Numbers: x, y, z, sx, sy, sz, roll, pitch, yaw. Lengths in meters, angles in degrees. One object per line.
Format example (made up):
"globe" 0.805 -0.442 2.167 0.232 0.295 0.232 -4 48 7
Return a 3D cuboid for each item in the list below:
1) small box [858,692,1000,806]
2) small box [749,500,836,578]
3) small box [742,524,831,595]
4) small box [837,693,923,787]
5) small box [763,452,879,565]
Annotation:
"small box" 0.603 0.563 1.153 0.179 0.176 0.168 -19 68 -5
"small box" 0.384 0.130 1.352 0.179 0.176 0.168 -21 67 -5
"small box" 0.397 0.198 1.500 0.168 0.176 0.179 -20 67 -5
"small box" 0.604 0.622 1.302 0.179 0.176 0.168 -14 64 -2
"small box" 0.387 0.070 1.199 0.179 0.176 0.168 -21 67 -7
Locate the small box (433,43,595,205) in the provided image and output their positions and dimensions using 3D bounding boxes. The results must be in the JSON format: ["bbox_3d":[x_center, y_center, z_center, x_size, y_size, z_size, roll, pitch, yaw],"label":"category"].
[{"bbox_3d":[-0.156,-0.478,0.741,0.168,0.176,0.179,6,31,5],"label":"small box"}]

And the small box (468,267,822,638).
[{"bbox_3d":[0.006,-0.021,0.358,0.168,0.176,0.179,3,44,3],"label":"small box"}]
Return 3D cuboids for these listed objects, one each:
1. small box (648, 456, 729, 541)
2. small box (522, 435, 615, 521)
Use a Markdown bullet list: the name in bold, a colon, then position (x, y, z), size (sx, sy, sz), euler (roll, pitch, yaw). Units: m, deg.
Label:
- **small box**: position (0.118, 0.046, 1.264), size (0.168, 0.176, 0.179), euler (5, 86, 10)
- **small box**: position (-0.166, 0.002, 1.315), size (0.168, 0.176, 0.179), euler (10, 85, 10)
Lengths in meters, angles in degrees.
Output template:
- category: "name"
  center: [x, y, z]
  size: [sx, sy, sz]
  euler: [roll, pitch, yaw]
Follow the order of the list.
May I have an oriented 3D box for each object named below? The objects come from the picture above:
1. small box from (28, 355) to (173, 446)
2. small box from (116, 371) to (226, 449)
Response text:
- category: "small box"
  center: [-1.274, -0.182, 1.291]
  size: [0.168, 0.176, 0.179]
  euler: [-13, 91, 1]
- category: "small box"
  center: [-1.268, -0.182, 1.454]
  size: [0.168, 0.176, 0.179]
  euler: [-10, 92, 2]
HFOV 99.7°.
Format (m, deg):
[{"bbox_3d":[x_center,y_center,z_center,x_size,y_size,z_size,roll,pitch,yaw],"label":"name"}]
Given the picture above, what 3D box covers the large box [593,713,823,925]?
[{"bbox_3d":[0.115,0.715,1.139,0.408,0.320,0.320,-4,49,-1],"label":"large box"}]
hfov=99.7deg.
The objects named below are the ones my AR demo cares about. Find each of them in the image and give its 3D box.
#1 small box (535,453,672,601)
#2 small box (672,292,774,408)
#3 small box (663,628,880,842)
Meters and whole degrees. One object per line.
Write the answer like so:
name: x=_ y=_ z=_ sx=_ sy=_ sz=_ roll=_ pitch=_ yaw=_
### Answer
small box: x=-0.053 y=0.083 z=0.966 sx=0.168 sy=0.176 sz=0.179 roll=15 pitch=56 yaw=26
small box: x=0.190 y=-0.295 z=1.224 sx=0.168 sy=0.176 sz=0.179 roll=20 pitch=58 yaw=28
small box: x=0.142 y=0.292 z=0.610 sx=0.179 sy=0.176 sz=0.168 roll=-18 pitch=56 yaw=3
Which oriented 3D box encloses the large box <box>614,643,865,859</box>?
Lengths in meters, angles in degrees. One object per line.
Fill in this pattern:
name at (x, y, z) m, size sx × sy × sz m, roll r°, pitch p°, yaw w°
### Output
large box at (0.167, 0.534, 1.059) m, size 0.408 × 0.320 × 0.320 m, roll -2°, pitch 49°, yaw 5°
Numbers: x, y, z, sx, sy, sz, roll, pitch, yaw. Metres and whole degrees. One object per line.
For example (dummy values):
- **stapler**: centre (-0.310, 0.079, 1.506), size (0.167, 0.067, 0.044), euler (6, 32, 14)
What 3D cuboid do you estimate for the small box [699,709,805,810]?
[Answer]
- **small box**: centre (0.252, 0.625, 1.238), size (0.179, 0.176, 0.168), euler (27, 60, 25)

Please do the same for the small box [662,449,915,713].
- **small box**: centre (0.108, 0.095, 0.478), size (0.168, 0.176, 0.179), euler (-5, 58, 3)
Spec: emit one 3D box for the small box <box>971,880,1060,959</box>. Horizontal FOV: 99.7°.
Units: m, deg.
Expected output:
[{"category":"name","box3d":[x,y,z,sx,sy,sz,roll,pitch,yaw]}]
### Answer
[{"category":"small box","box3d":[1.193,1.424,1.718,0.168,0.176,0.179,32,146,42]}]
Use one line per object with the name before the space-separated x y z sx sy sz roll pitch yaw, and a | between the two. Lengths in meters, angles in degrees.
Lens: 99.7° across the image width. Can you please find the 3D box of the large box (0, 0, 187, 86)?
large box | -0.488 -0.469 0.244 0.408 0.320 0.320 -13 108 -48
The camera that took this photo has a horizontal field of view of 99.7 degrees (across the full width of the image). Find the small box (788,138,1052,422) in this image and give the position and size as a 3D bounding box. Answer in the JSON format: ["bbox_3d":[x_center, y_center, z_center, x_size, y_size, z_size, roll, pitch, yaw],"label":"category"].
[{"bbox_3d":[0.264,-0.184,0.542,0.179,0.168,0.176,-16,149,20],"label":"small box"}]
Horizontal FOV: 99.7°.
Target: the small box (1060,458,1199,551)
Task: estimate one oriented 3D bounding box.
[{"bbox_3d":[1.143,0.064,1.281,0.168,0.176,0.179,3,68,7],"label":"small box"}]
────────────────────
[Exercise directions]
Could you copy each line of the material that holds "example"?

[Reply]
Format example (made up):
For example (dummy values):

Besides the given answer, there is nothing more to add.